:: Assignment ::
Excluding any images, copy all of the lines below precisely as written.

:: Collected data entries ::
----------
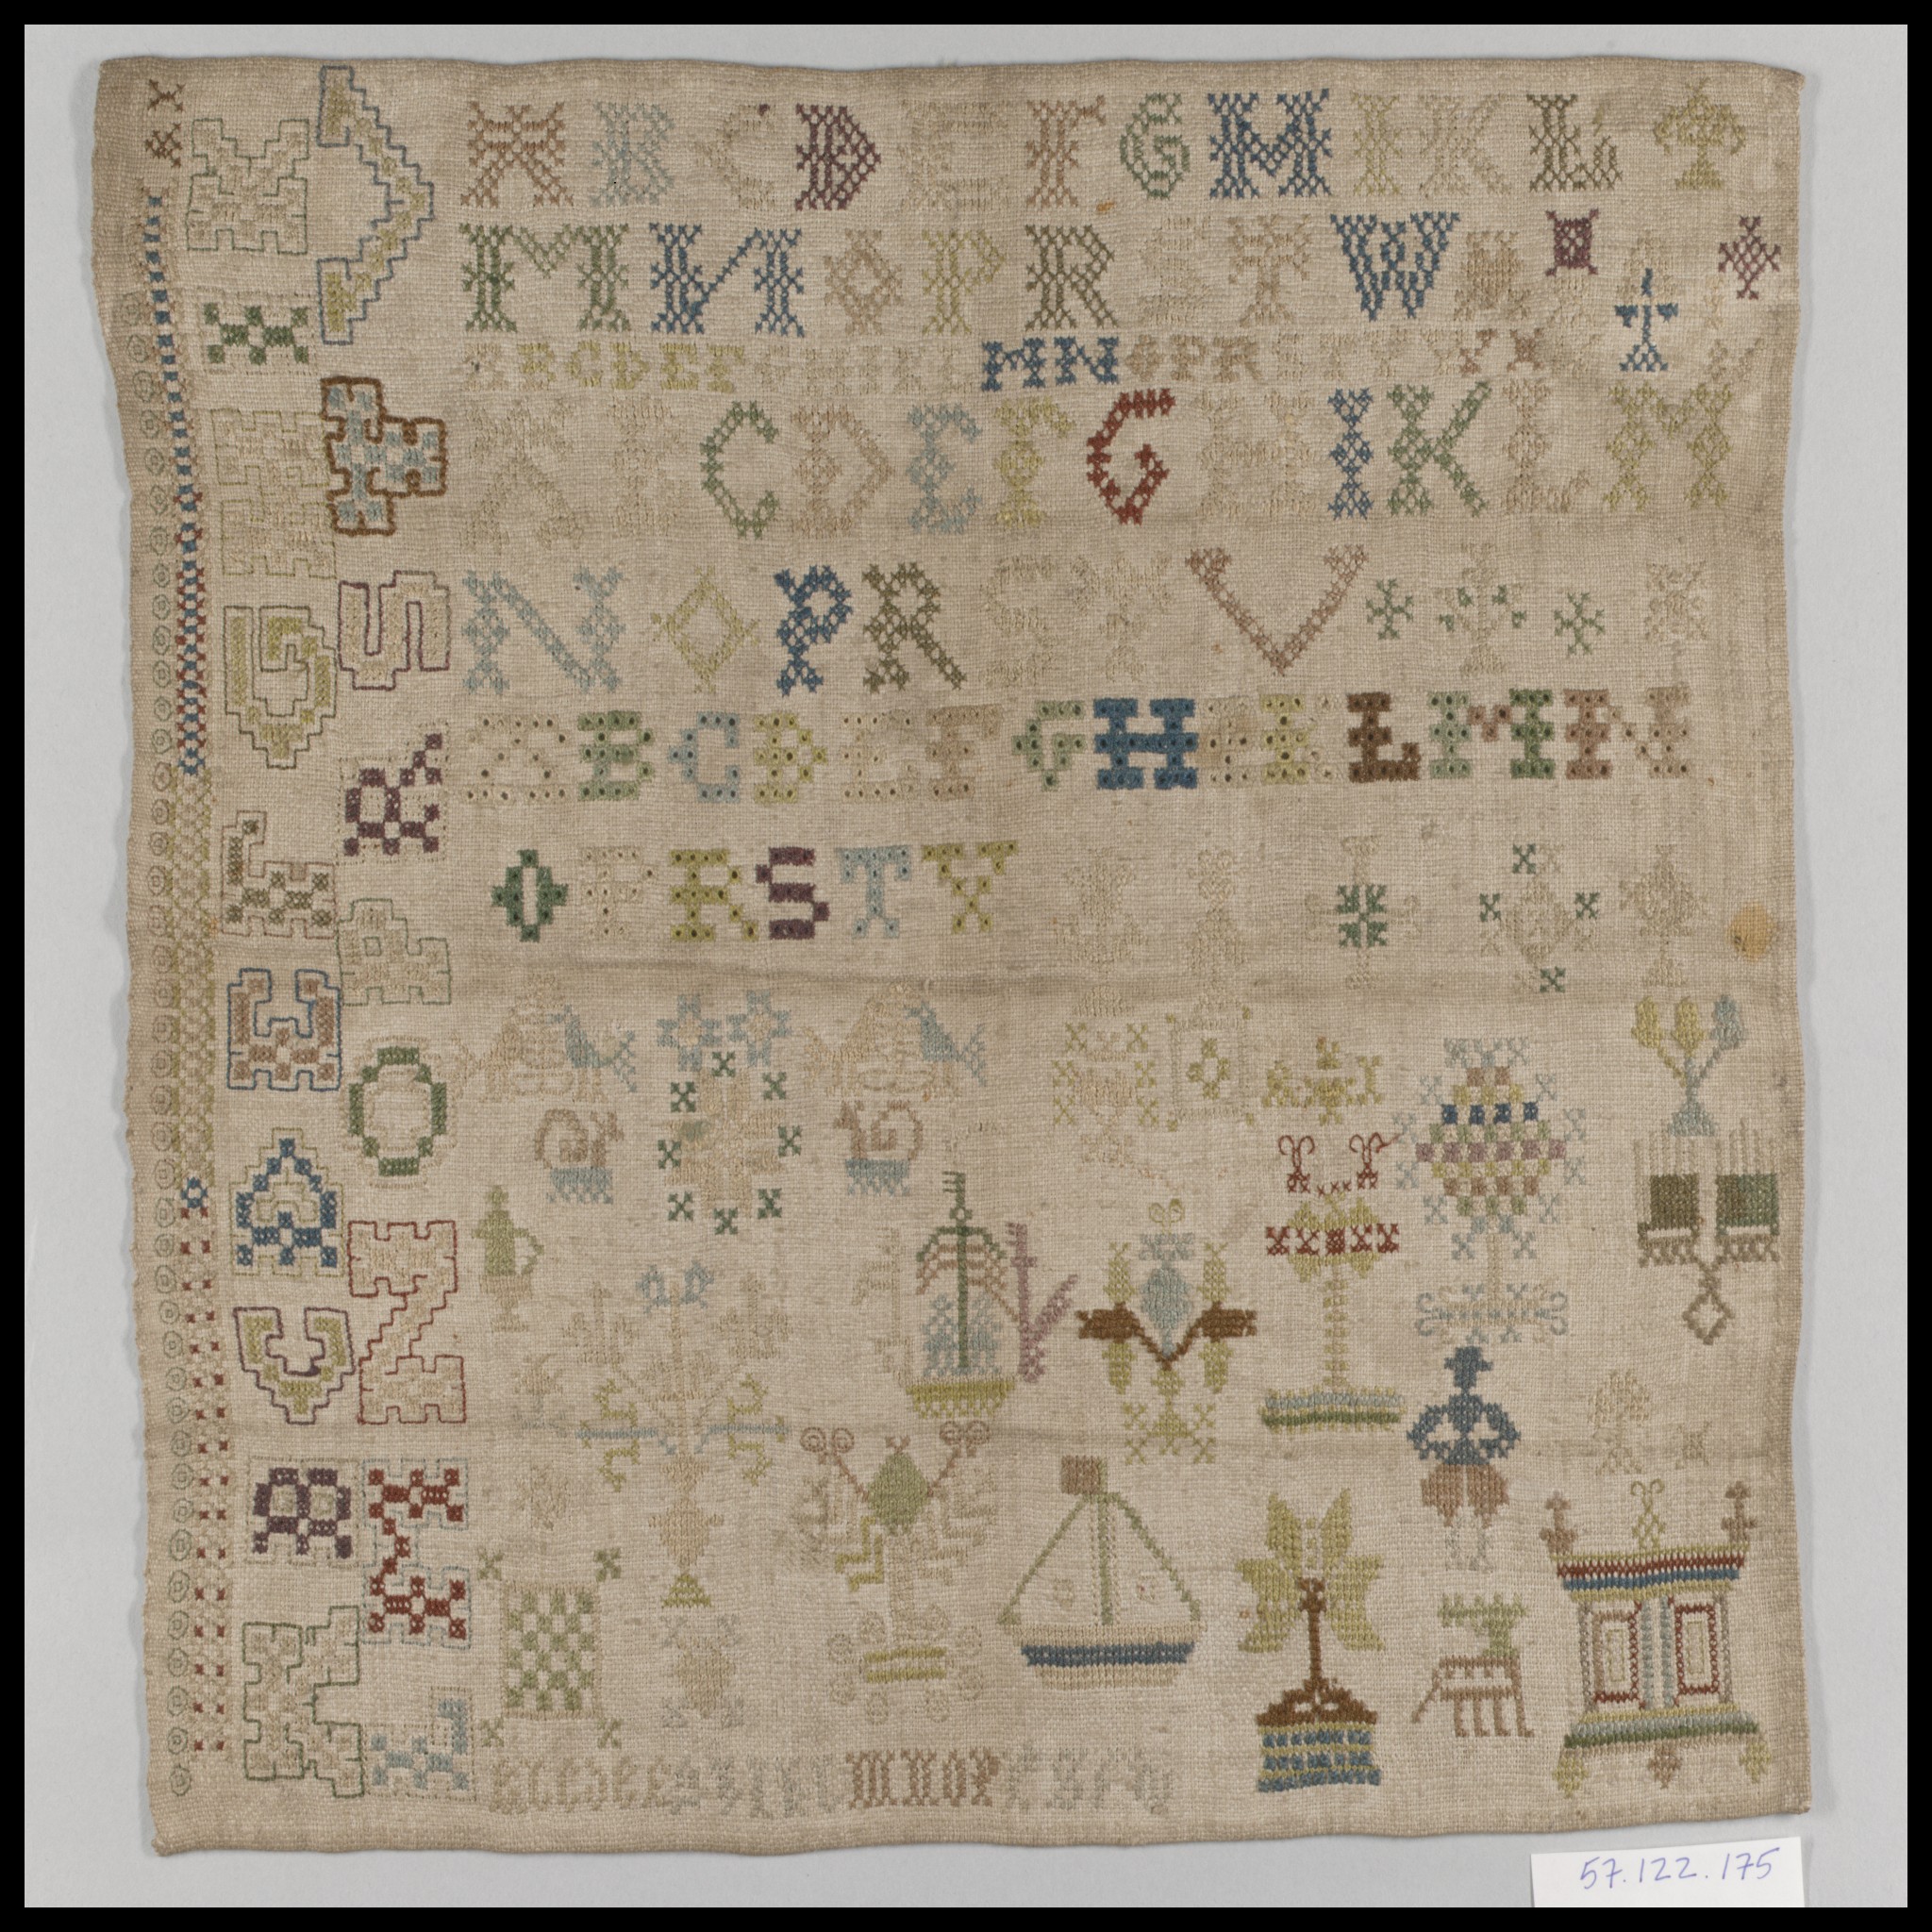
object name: sampler
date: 1701-1800
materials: linen, silk
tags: human figures
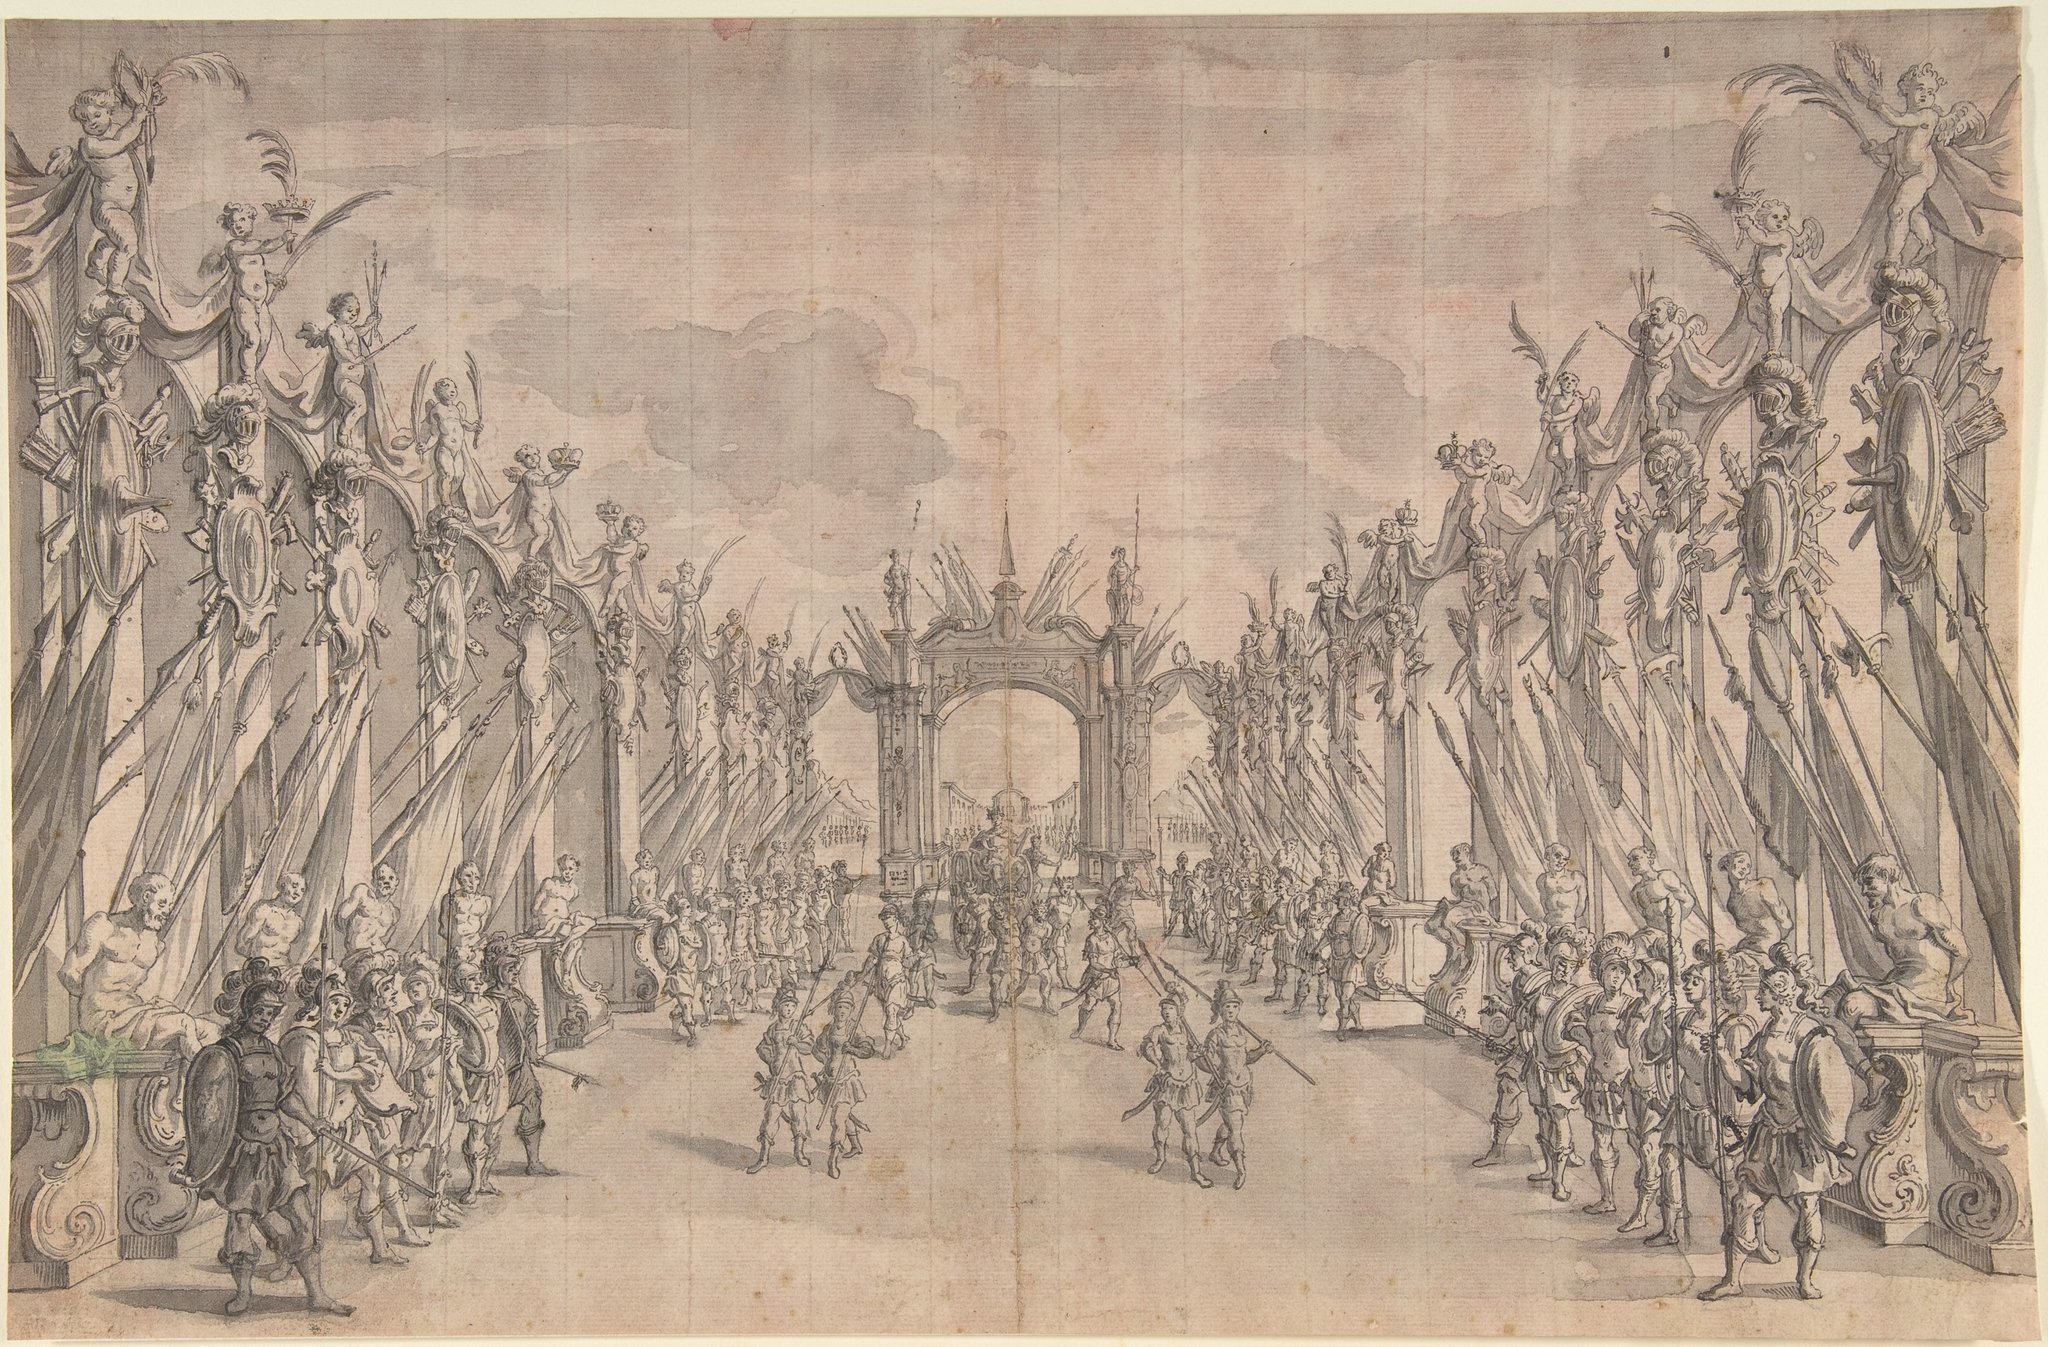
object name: collection ornament architecture
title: Triumphal Entry of King
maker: anonymous, german, 17th century
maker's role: artist
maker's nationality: german
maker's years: 1600-1700
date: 1601-1700
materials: ink
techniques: brush, pen, wash
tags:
----------
:: Task solution ::
object name: sampler
date: 1701-1800
materials: linen, silk
tags: human figures
object name: collection ornament architecture
title: Triumphal Entry of King
maker: anonymous, german, 17th century
maker's role: artist
maker's nationality: german
maker's years: 1600-1700
date: 1601-1700
materials: ink
techniques: brush, pen, wash
tags:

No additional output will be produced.